Probabilistic Bounds — A Primer

Probabilistic arguments are a key tool for the analysis of algorithms in machine learning theory and probability theory. They also assume a prominent role in the analysis of randomized and streaming algorithms, where one imposes a restriction on the amount of storage space an algorithm is allowed to use for its computations (usually sublinear in the size of the input).

While a whole host of probabilistic arguments are used, one theorem in particular (or family of theorems) is ubiquitous: the Chernoff bound. In its simplest form, the Chernoff bound gives an exponential bound on the deviation of sums of random variables from their expected value.

This is perhaps most important to algorithm analysis in the following mindset. Say we have a program whose output is a random variable X. Moreover suppose that the expected value of X is the correct output of the algorithm. Then we can run the algorithm multiple times and take a median (or some sort of average) across all runs. The probability that the algorithm gives a wildly incorrect answer is the probability that more than half of the runs give values which are wildly far from their expected value. Chernoff’s bound ensures this will happen with small probability.

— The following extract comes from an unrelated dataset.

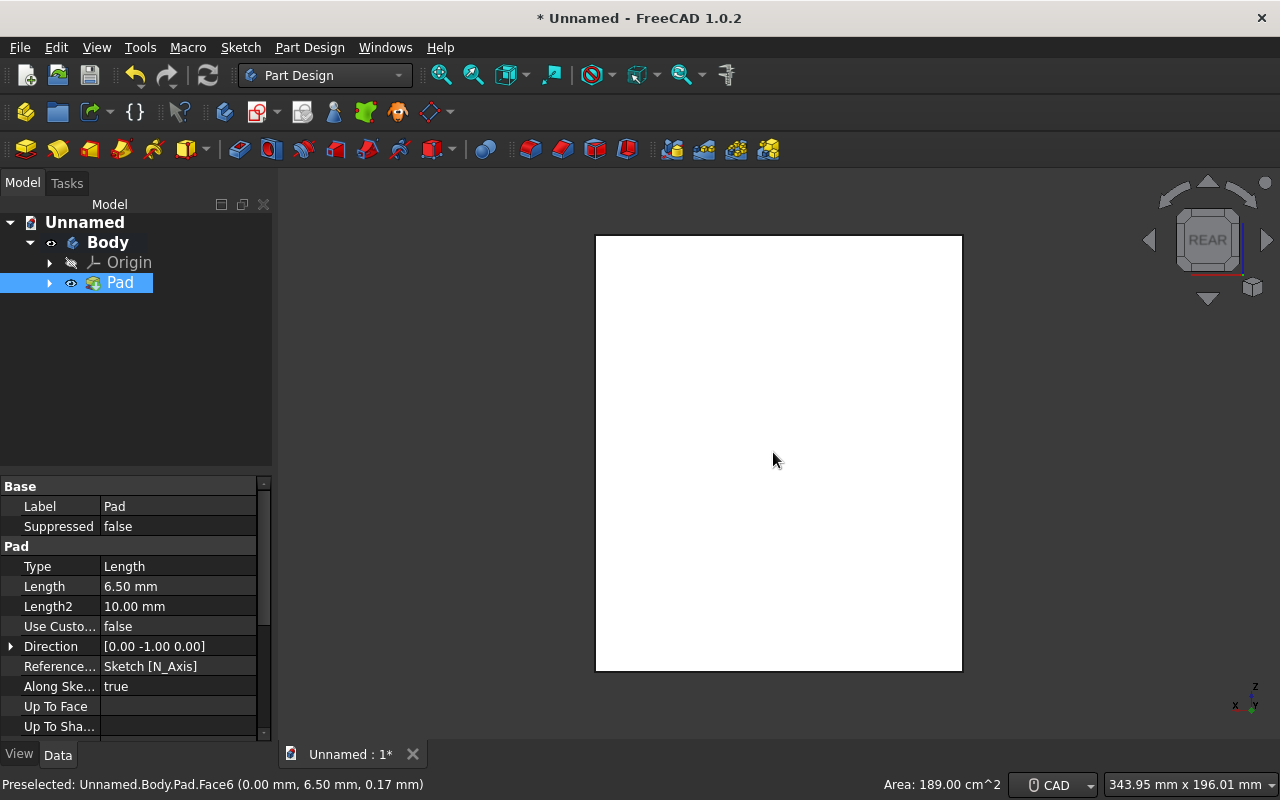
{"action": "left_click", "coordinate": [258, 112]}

So this post is dedicated to presenting the main versions of the Chernoff bound that are used in learning theory and randomized algorithms. Unfortunately the proof of the Chernoff bound in its full glory is beyond the scope of this blog. However, we will give short proofs of weaker, simpler bounds as a straightforward application of this blog’s previous work laying down the theory.

If the reader has not yet intuited it, this post will rely heavily on the mathematical formalisms of probability theory. We will assume our reader is familiar with the material from our first probability theory primer, and it certainly wouldn’t hurt to have read our conditional probability theory primer, though we won’t use conditional probability directly. We will refrain from using measure-theoretic probability theory entirely (some day my colleagues in analysis will like me, but not today).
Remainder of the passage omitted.